What Only Bad Guests Do on Thanksgiving (and What to Do Instead)

You’ve been invited to a Thanksgiving meeting. Hooray! You don’t have to plan, cook, shop, grind and cook all day long. While the host will do the lion’s share of the work to make the day delicious and festive, each guest also has a certain amount of responsibility for unfolding it. You don’t need to beat the bird every 30 minutes, but you need to be careful.

It goes without saying that you should avoid talking about politics, religion, or your thoughts on the COVID vaccine. In the spirit of utility and harmonious interaction, here are some less obvious things that you can not do when you are invited to someone’s house for Thanksgiving Day (and what you can do instead).

Don’t: Surprise your host with last-minute dietary requests.

When you’re invited, it’s time to inform the host that you are a low-carb, lactose-intolerant minnow who only eats non-GMO grains every other Tuesday. Do not expose your host to any allergies, special requests, or dietary restrictions on the days leading up to the main event (or worse, after your arrival). Unless they are your friend or best friend, also don’t assume that they remember the allergy you told them about earlier.

Required: Inform the host of any dietary restrictions when accepting the invitation and offer to bring your replacement.

Forbidden: come empty-handed (or with a surprise dish)

There are some things that hosts usually like to receive (flowers, wine, candles, and high-quality chocolate that they can enjoy after everyone is gone, to name a few), and there are things that they don’t (unplanned pyrex from Your mum’s “famous” breaded potatoes, without which you “couldn’t imagine Thanksgiving”). While guests should always bring something to the host the more personalized or tailored to their individual interests, the better they shouldn’t get bored with unauthorized food and expect them to decorate the meal the host has been planning for weeks.

Necessary: Ask in advance if you can bring anything. If not, bring either a thoughtful, personalized gift or a safe classic standby.

Don’t: Count on a place on the counter (or in the oven).

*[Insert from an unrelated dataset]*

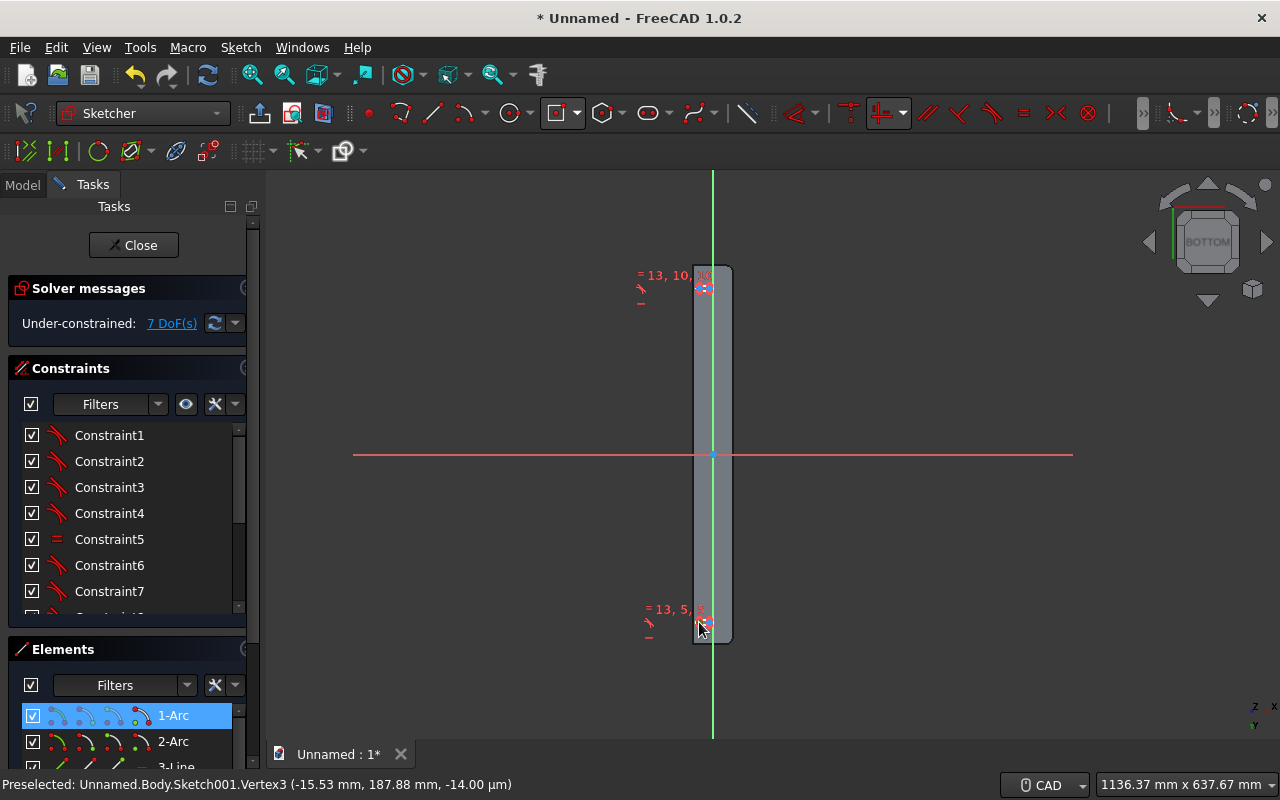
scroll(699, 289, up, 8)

If presenting a side dish, make sure it is completely cooked and self-sufficient. Avoid bringing potatoes that still need to be mashed or rolls that need to be kept warm at a low oven temperature. Chances are, your host doesn’t have a free counter or oven space for you to complete this final step of your culinary project. Go through the finish line before you arrive, and figure out how to warm your item using the stand-alone package or refrigerators, portable food warmers or other great ideas . If you must have an oven, make sure your host knows ahead of time.

What it takes : If your side absolutely needs to be warmed up, bring it back into your heat-resistant mold. Also bring your own serving utensils. They may not have superfluous ones.

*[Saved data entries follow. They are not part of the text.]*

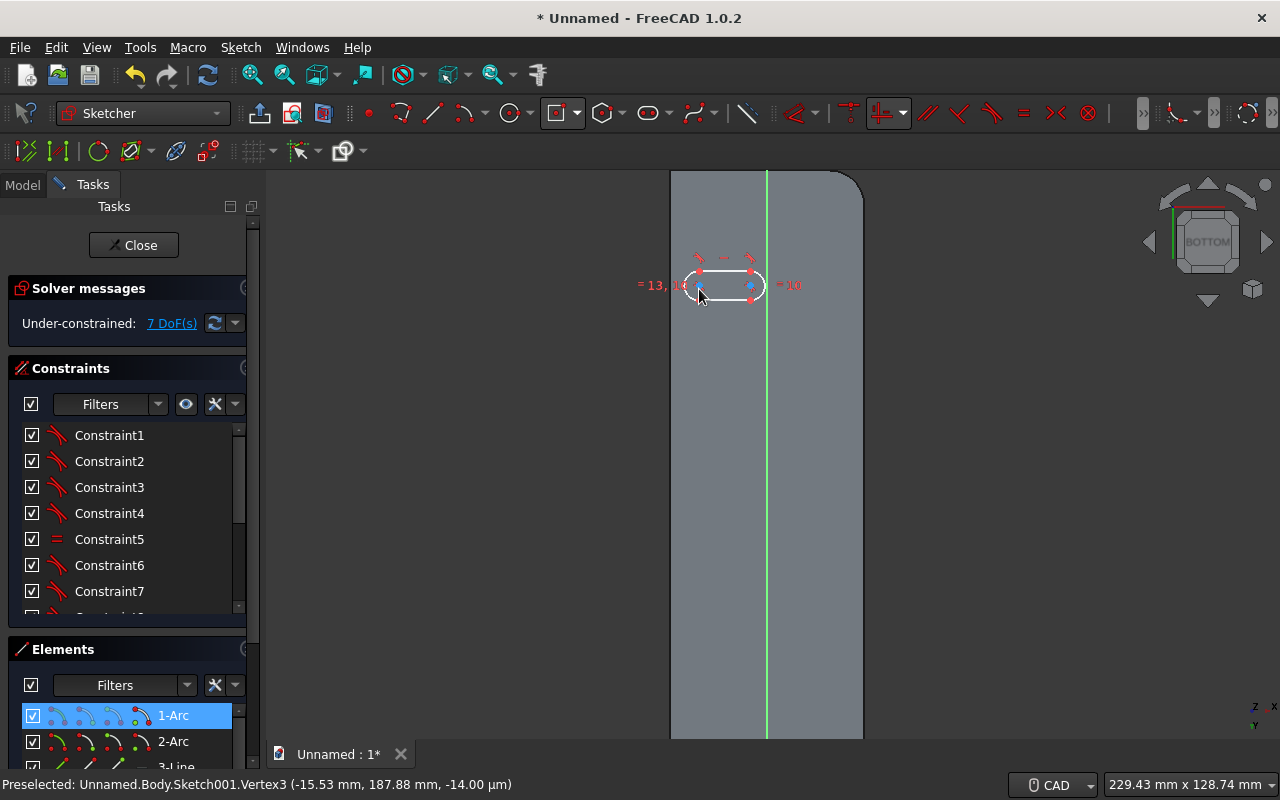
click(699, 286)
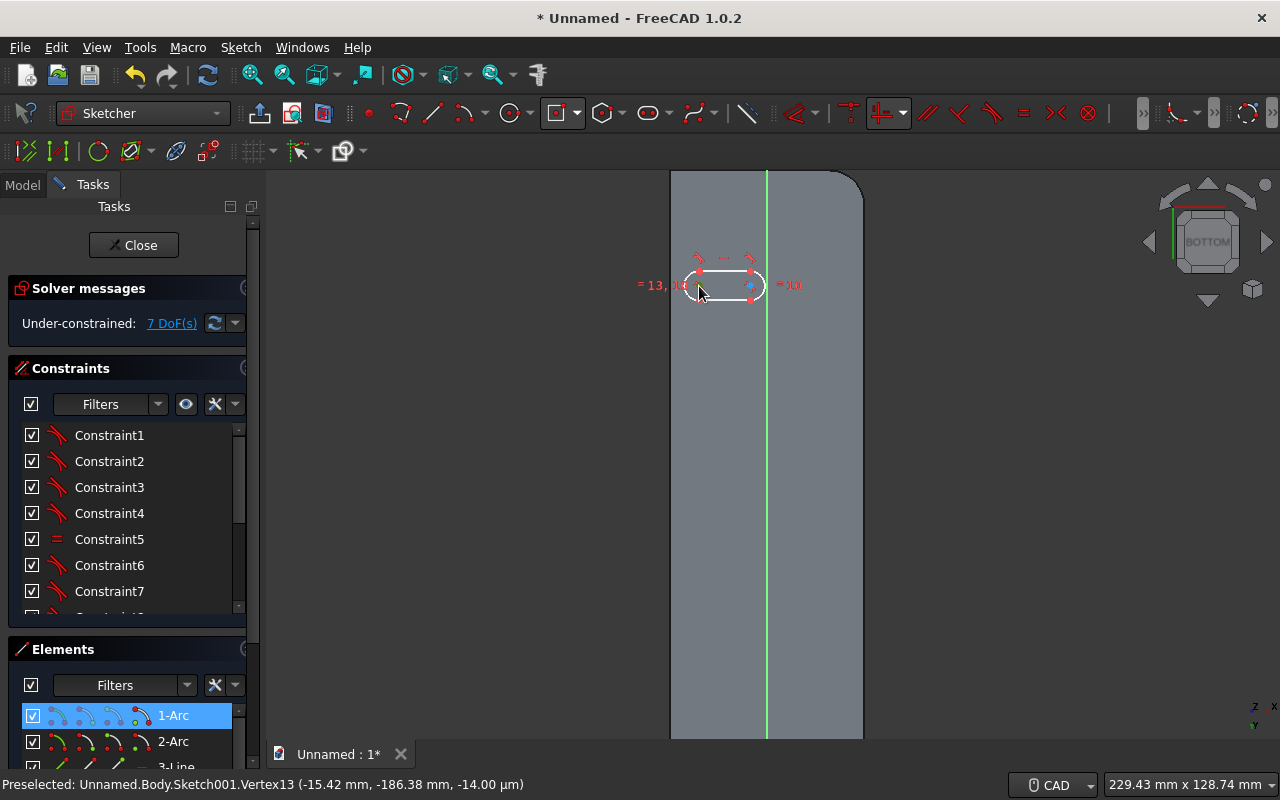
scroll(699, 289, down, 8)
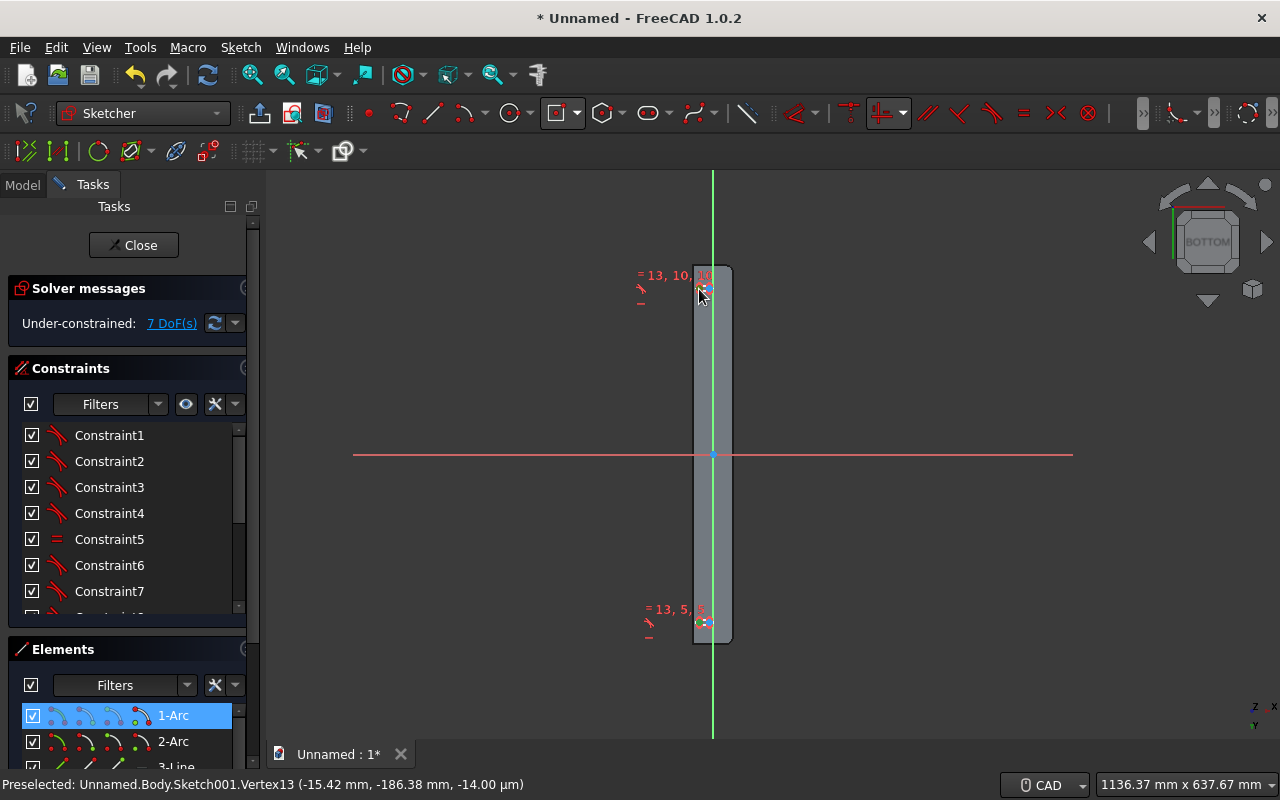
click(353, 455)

Don’t come early (or don’t come hungry)

If you’ve ever taken anything, you know that oftentimes even the most well-planned timing deviates from plan and you end up running to finish before your guests arrive. If a stressed host likes anything less than feeling unprepared for hungry people about to walk in their door, it’s when they get in early. Do your landlord a favor and come no earlier than the appointed time, but preferably no less than 15 minutes late. Also, grab a snack on the way so you don’t go hungry, drink on an empty stomach, or hear people say, “When are we going to eat? I’m hungry ”from another room.

Forbidden: Offer advice or criticism.

Imagine: you stick potatoes into boiling water in a way that has been used successfully for many years, and someone says, “Oh, don’t get burned! You make me nervous. Do you want me to do this? “ No, Briana, I don’t want you to do this, because my technique leaves a lot to be desired . Remember that any advice, trick, or advice offered could be construed as criticizing the chef. You may know the best way to make a lump-free sauce, but don’t utter it unless asked to.

Do : ask if you can help. If not, don’t chat by the refrigerator. Escort yourself to another room so as not to be distracted from the owner.

Don’t: overdo it with yourself

Please, dear guest, don’t get drunk. This is not a fraternal party. This is someone’s house or apartment where children can walk. No one should see an adult get noisy, sloppy, sloppy, or out of place. If you find it difficult to stay within polite drunkenness, seek help from a friend or family member to help you keep up with the times, or shut you off before things get weird.

Should: drink in moderation; eat regularly and frequently to absorb Cabernet.

Do not: delay reception

It has been a long day for your host, who has probably been getting up for hours on end to make the holiday possible. Be aware of any subtle hints they may give to indicate that they want to climb into their mazes and disconnect from Netflix – and leave quickly and appropriately. But no, dear wonderful guest, no offer to help with the cleaning first.